Polki wreszcie wygrały i zagrają o ćwierćfinał. "Gdybyśmy przegrały, nie miałybyśmy po co wracać do kraju"

Spotkanie ze Słowenią było dla naszej reprezentacji bardzo ważne. Dzięki zwycięstwu Polki zagrają w barażu o ćwierćfinał Mistrzostw Europy 2015.

Olga Krzysztofik
Olga Krzysztofik
PAP, Maciej Kulczyński / PAP, Maciej Kulczyński

Po dwóch porażkach Biało-Czerwone rozegrały mecz o być albo nie być w tegorocznych mistrzostwach Europy. Ich rywalkami były Słowenki, które mimo ambitnej walki musiały uznać wyższość naszej reprezentacji.

- Jakbyśmy przegrały, to dopiero byłby wstyd i nie miałybyśmy po co wracać do Polski. Cieszy nas wygrana, cieszy wynik 3:0, osiągnięty bez większych komplikacji i nerwów. Teraz przygotowujemy się do baraży. Mam nadzieję, że jest to teraz droga do finału i że teraz zaczną się dla nas prawdziwe mistrzostwa - zapowiedziała Joanna Wołosz. Co na to nasza przyjmująca, Klaudia Kaczorowska? - Mam nadzieję, że dotrzyma obietnicy - przyznała z uśmiechem.

W polskich szeregach wyróżniła się między innymi Natalia Kurnikowska, a rozgrywająca Joanna Wołosz wykorzystywała również środkowe, Agnieszkę Bednarek-Kaszę i Sylwię Pycię. - Oglądałyśmy wideo, wiedziałyśmy jak środkowe reagują, robiły to słabo, więc fajnie było to wykorzystać, potrenować i przećwiczyć te zagrania, jak choćby zagranie z tyłu z Agnieszką. Fajnie, że to funkcjonowało i mogłyśmy to przetrenować w warunkach meczowych - wyjaśniła na antenie Polsatu Sport.

Słowenki pokazały się z walecznej strony zwłaszcza w obronie. - Byłyśmy przygotowane na to, że ta piłka będzie wracać, bo Słowenki są zespołem walecznym, co pokazały w każdym meczu. Dużo obron, trzeba było grać cierpliwie, co się opłaciło - powiedziała Kaczorowska.

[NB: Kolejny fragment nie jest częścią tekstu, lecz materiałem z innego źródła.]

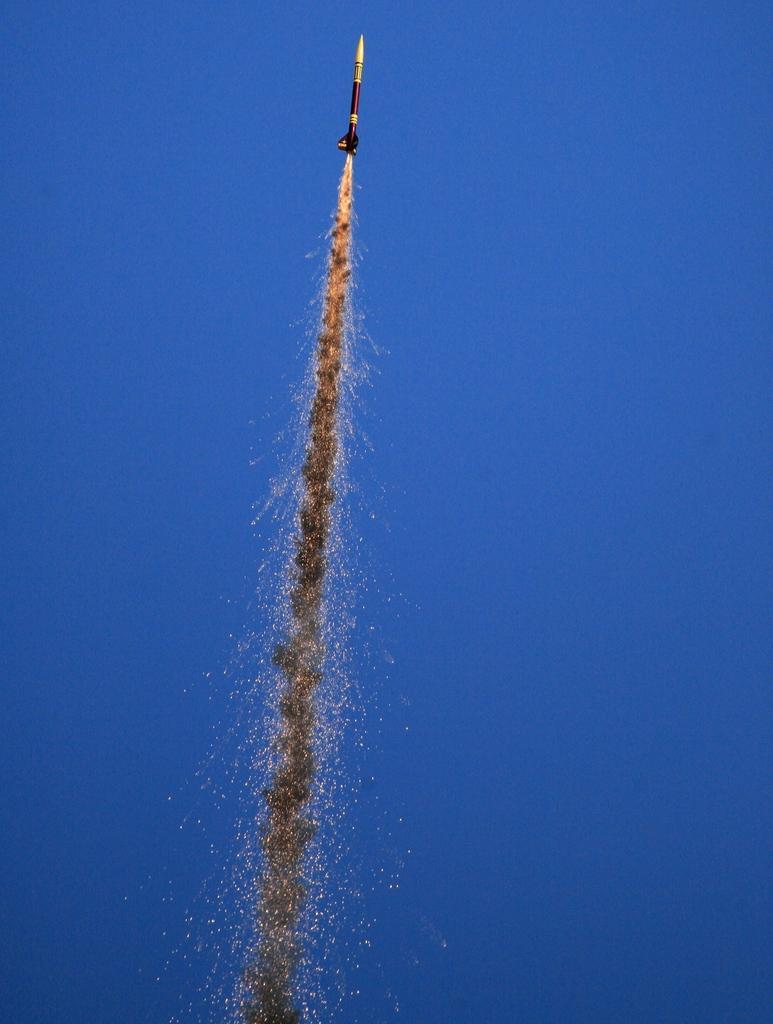In one or two sentences, can you explain what this image depicts? In this image we can see a rocket with fire and the sky in the background. 
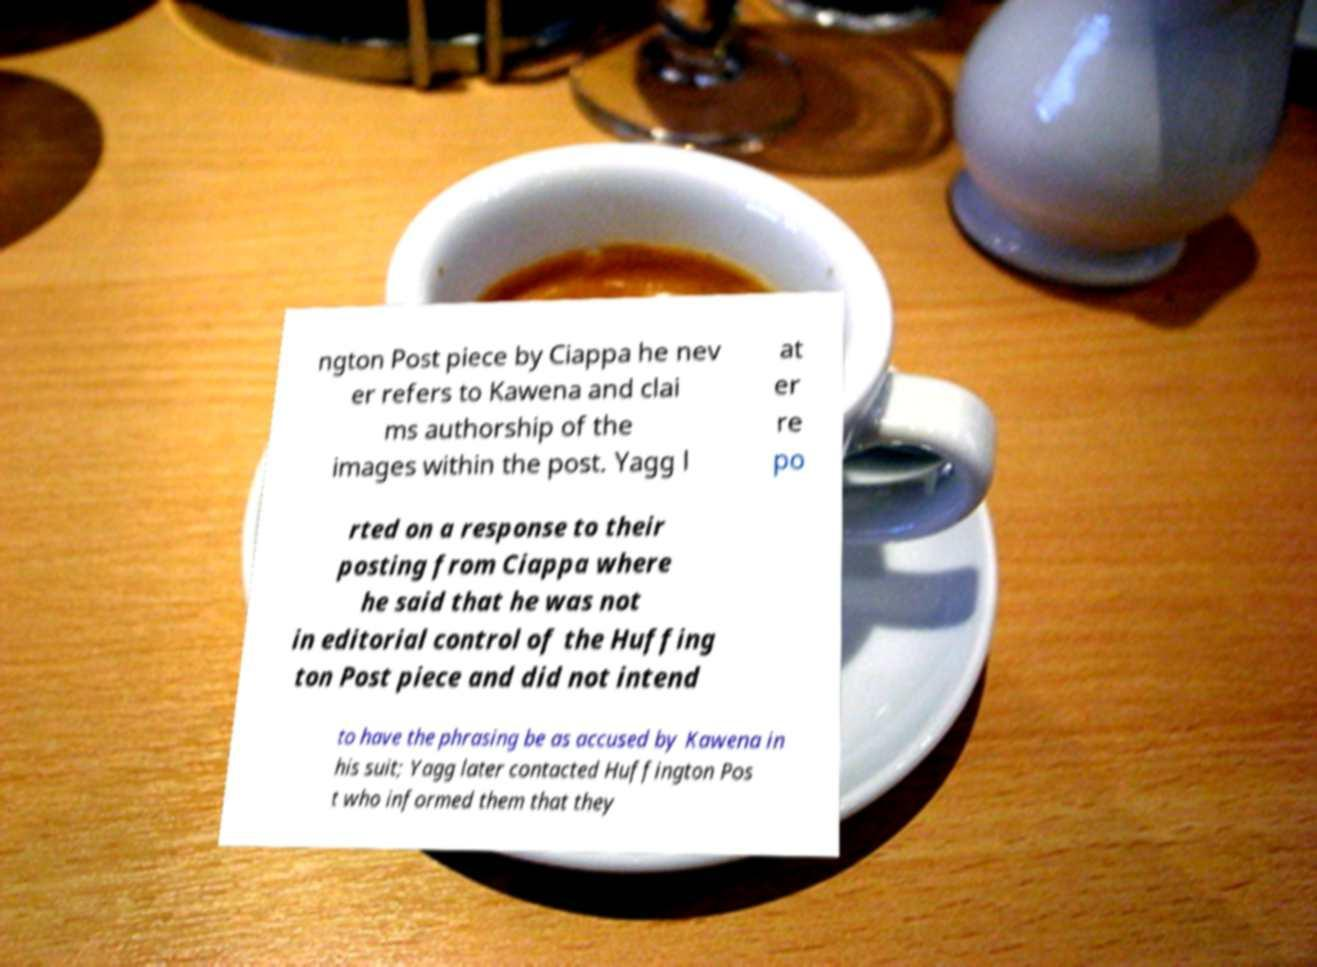Can you accurately transcribe the text from the provided image for me? ngton Post piece by Ciappa he nev er refers to Kawena and clai ms authorship of the images within the post. Yagg l at er re po rted on a response to their posting from Ciappa where he said that he was not in editorial control of the Huffing ton Post piece and did not intend to have the phrasing be as accused by Kawena in his suit; Yagg later contacted Huffington Pos t who informed them that they

Choć reprezentacja Polski wygrała 3:0, to w końcówce ostatniego seta zrobiło się nerwowo. Biało-Czerwone dopadł przestój, a ich rywalki mogły pokusić się nawet o zwycięstwo. Na szczęście nasze siatkarki opanowały nerwy i spotkanie zakończyło się w trzech odsłonach.

- Trudno powiedzieć z czego to wynika, bo na pewno nie z braku chęci, te chęci są. Zmęczenie bierze swoje, ale nie tylko u nas, u przeciwniczek również. Wpadnie nam jedna bezpańska piłka, druga, trzecia i ta gra siada. Myślę, że to był nasz główny problem, niejednokrotnie rozmawiamy ze sobą i staramy się to niwelować. Mam nadzieję, że takich piłek będzie coraz mniej, a nawet nie będzie żadnej. Będziemy teraz grać z uśmiechem, z wiarą w każde zwycięstwo iść za każdą piłką, z wolą walki, serduchem. Naprawdę jeszcze wierzę w ten zespół i wierzę, że jesteśmy w stanie jeszcze tutaj pograć - zaznaczyła Anna Werblińska.

W niedzielnym spotkaniu z Holenderkami Werblińska w wyniku zderzenia w obronie z Pauliną Maj-Erwardt doznała urazu. - Z kolanem wszystko w porządku, naciągnęłam jedynie mięsień. Z takimi pierdołami trzeba grać, jeżeli chce się wygrywać i walczyć o coś na tych mistrzostwach Europy. Przyzwyczaiłam się do bólu, chcę pomóc, chcę wygrywać i chcę jeszcze tutaj coś zwojować - wyjaśniła przyjmująca.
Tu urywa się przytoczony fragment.